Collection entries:
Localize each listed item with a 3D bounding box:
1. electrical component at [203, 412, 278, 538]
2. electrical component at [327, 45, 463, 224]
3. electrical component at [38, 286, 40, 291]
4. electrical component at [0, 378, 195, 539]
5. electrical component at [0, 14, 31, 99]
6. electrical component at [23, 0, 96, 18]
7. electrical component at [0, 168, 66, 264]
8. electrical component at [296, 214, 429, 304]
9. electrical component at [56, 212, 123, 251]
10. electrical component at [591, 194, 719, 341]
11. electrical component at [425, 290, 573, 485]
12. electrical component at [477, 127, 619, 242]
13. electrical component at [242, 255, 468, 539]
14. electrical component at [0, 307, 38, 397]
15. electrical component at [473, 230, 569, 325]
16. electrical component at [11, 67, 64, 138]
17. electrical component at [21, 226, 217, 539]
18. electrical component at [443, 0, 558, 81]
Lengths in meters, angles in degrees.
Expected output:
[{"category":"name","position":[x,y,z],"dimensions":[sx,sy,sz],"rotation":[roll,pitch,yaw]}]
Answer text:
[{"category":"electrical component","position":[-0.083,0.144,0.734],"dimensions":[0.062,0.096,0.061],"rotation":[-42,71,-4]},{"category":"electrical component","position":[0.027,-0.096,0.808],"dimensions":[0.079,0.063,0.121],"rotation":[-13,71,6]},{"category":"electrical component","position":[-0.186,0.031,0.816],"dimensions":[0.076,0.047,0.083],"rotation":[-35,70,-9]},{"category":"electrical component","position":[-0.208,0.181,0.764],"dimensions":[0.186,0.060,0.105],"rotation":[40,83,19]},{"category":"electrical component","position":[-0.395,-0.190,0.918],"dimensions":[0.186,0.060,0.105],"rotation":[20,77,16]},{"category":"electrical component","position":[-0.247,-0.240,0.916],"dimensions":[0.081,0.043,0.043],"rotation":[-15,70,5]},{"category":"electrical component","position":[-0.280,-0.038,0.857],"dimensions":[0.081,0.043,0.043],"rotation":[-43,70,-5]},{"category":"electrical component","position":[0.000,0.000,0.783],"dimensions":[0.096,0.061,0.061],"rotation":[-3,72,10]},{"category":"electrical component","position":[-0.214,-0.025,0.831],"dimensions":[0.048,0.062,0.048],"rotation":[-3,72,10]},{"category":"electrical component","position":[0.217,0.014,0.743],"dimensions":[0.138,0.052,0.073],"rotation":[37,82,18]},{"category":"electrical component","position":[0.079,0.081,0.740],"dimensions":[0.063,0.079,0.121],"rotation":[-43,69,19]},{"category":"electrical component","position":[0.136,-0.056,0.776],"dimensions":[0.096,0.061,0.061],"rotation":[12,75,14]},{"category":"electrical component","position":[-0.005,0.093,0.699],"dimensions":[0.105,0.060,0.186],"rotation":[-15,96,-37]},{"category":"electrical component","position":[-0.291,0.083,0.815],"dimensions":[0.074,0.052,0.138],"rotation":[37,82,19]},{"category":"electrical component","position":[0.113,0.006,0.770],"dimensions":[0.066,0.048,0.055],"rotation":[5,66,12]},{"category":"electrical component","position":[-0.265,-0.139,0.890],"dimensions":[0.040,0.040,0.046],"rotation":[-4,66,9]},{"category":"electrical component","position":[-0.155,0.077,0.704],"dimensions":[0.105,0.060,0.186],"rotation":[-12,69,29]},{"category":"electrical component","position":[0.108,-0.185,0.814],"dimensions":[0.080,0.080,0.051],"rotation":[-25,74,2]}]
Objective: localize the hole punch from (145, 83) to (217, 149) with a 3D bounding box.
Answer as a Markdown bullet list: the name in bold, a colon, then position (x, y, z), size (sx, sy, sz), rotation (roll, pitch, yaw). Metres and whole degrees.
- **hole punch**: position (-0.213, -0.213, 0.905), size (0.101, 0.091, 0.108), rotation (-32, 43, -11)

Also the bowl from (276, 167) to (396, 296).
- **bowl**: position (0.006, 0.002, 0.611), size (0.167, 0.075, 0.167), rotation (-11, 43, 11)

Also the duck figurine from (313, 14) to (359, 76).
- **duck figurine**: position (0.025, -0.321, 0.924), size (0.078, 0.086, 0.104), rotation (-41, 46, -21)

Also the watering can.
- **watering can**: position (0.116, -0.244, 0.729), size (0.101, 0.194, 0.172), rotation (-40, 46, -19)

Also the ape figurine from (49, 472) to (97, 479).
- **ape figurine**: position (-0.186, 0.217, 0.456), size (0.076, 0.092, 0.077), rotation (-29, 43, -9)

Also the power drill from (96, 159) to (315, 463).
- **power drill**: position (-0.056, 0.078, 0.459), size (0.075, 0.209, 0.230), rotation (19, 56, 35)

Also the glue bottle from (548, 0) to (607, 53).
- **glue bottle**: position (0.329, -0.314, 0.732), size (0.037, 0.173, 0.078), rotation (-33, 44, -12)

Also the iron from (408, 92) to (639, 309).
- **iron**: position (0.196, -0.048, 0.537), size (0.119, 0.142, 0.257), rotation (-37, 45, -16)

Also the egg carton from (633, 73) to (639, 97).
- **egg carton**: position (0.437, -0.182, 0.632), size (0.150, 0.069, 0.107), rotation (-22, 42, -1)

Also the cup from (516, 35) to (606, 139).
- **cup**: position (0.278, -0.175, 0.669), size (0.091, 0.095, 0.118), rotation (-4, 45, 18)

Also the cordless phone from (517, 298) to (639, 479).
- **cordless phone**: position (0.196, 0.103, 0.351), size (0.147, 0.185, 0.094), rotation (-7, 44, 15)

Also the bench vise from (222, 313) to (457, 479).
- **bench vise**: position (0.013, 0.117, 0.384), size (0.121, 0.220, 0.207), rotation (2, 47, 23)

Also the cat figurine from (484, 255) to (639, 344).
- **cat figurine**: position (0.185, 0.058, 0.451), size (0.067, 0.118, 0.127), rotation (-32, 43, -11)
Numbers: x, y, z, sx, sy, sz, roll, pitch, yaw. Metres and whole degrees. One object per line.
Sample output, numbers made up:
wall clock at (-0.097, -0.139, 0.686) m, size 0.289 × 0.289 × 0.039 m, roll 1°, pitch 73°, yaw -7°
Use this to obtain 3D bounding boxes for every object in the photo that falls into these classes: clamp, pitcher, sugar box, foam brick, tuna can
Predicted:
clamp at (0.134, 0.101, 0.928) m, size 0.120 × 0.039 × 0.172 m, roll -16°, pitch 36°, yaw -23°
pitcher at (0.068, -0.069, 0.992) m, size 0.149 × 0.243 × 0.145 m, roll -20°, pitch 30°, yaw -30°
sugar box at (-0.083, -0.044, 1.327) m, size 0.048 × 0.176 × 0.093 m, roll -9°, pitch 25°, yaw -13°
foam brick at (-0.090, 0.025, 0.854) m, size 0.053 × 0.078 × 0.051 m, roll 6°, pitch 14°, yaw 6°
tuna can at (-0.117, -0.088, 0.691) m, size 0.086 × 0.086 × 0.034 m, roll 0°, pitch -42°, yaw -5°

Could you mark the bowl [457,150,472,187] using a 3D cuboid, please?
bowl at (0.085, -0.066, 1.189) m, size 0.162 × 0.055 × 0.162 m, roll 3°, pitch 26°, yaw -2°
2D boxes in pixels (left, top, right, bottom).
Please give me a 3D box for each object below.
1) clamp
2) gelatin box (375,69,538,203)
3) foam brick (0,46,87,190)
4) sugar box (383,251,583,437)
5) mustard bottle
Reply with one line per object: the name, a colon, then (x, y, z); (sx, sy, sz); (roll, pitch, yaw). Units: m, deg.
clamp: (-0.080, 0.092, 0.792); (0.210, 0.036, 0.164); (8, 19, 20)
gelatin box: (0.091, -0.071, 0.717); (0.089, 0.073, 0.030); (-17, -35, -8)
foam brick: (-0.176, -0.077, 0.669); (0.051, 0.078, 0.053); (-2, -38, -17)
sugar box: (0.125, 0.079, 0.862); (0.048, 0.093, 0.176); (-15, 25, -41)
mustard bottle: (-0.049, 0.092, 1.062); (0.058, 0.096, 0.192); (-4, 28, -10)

Required work: Given the data above, transcribe exactly the lines from the one containing "Also the egg" down to the one containing "5) mustard bottle", and no others.

Output below:
Also the egg carton from (633, 73) to (639, 97).
- **egg carton**: position (0.437, -0.182, 0.632), size (0.150, 0.069, 0.107), rotation (-22, 42, -1)

Also the cup from (516, 35) to (606, 139).
- **cup**: position (0.278, -0.175, 0.669), size (0.091, 0.095, 0.118), rotation (-4, 45, 18)

Also the cordless phone from (517, 298) to (639, 479).
- **cordless phone**: position (0.196, 0.103, 0.351), size (0.147, 0.185, 0.094), rotation (-7, 44, 15)

Also the bench vise from (222, 313) to (457, 479).
- **bench vise**: position (0.013, 0.117, 0.384), size (0.121, 0.220, 0.207), rotation (2, 47, 23)

Also the cat figurine from (484, 255) to (639, 344).
- **cat figurine**: position (0.185, 0.058, 0.451), size (0.067, 0.118, 0.127), rotation (-32, 43, -11)
Numbers: x, y, z, sx, sy, sz, roll, pitch, yaw. Metres and whole degrees. One object per line.
Sample output, numbers made up:
wall clock at (-0.097, -0.139, 0.686) m, size 0.289 × 0.289 × 0.039 m, roll 1°, pitch 73°, yaw -7°
Use this to obtain 3D bounding boxes for every object in the photo that falls into these classes: clamp, pitcher, sugar box, foam brick, tuna can
Predicted:
clamp at (0.134, 0.101, 0.928) m, size 0.120 × 0.039 × 0.172 m, roll -16°, pitch 36°, yaw -23°
pitcher at (0.068, -0.069, 0.992) m, size 0.149 × 0.243 × 0.145 m, roll -20°, pitch 30°, yaw -30°
sugar box at (-0.083, -0.044, 1.327) m, size 0.048 × 0.176 × 0.093 m, roll -9°, pitch 25°, yaw -13°
foam brick at (-0.090, 0.025, 0.854) m, size 0.053 × 0.078 × 0.051 m, roll 6°, pitch 14°, yaw 6°
tuna can at (-0.117, -0.088, 0.691) m, size 0.086 × 0.086 × 0.034 m, roll 0°, pitch -42°, yaw -5°

Could you mark the bowl [457,150,472,187] using a 3D cuboid, please?
bowl at (0.085, -0.066, 1.189) m, size 0.162 × 0.055 × 0.162 m, roll 3°, pitch 26°, yaw -2°
2D boxes in pixels (left, top, right, bottom).
Please give me a 3D box for each object below.
1) clamp
2) gelatin box (375,69,538,203)
3) foam brick (0,46,87,190)
4) sugar box (383,251,583,437)
5) mustard bottle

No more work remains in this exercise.